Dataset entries

■ ■ ■ ■ ■ ■ ■

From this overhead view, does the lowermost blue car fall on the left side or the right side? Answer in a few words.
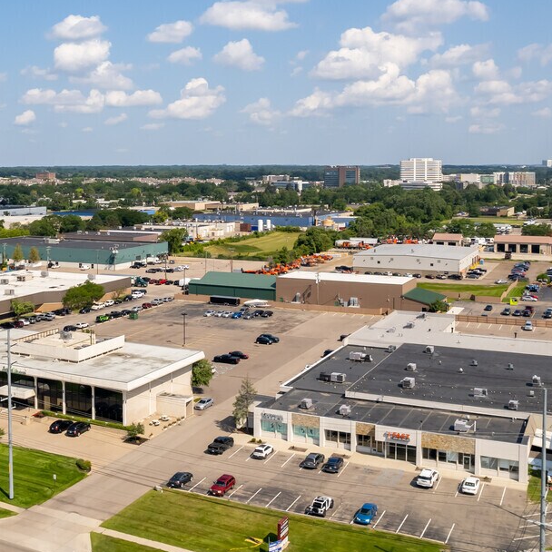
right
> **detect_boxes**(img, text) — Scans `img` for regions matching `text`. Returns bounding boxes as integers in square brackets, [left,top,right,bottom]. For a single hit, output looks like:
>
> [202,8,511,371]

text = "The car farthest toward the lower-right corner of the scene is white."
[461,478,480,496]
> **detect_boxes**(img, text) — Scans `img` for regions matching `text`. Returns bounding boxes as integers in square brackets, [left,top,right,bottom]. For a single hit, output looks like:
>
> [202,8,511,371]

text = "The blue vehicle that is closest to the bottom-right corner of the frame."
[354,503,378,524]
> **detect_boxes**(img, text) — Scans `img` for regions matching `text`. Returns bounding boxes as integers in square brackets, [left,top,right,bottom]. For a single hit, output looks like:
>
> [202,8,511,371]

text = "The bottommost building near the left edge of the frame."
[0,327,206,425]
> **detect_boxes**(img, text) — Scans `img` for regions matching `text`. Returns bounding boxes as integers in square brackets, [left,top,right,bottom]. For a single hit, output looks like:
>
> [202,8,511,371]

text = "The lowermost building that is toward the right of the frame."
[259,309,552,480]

■ ■ ■ ■ ■ ■ ■

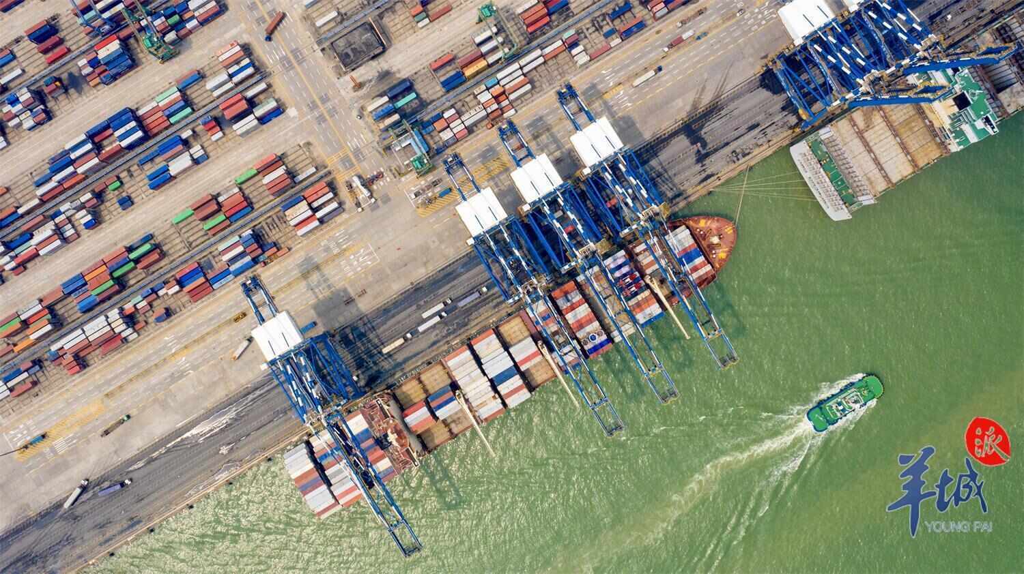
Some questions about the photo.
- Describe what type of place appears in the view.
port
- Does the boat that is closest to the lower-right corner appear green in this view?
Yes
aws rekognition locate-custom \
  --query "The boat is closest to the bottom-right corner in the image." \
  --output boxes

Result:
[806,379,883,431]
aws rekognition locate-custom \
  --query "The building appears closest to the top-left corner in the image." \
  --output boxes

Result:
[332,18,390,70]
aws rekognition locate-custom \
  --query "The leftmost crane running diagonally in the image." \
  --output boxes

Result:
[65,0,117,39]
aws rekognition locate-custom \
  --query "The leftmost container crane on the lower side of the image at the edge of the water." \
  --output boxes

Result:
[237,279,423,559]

■ ■ ■ ■ ■ ■ ■

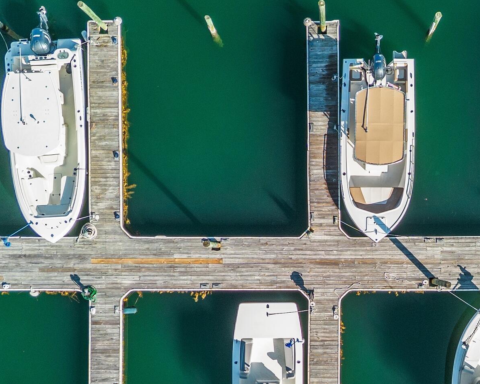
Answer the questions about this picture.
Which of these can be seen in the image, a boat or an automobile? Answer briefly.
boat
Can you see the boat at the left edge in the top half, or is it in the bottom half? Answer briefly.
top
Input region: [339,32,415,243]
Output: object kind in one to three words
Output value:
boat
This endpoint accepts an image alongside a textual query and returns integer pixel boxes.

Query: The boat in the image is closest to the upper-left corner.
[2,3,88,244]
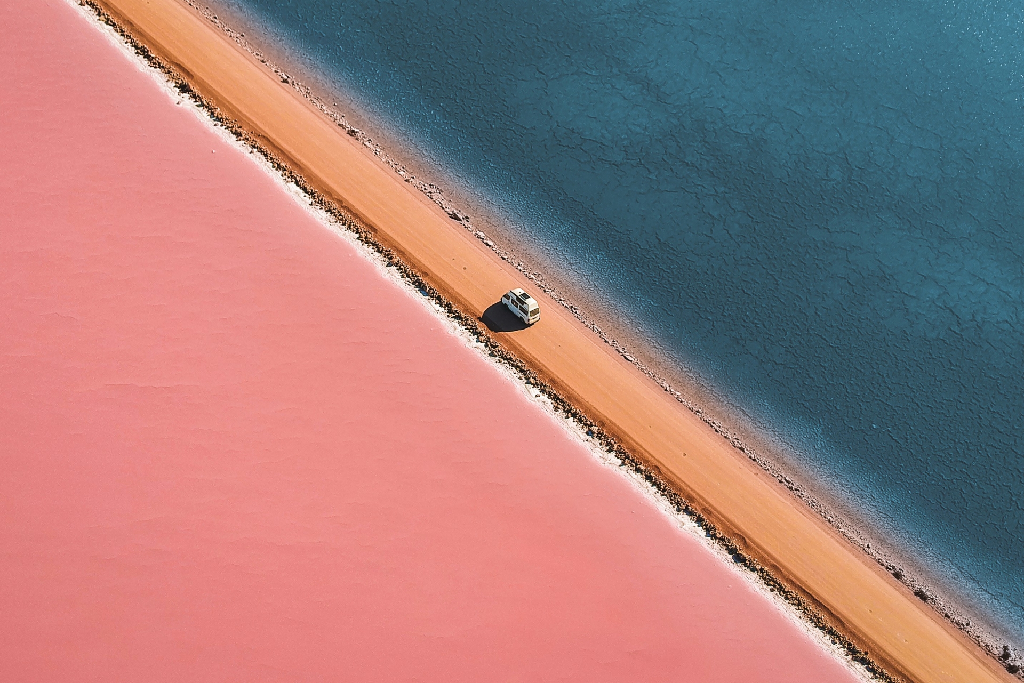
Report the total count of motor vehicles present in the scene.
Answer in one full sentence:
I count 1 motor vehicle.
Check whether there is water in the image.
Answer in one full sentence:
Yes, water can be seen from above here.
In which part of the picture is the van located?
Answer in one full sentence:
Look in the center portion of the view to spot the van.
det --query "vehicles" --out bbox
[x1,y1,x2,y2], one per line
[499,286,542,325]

■ ■ ■ ■ ■ ■ ■

Copy each line above that contains the string "vehicles".

Report the total count of motor vehicles present in the scene.
det --query "vehicles" --out bbox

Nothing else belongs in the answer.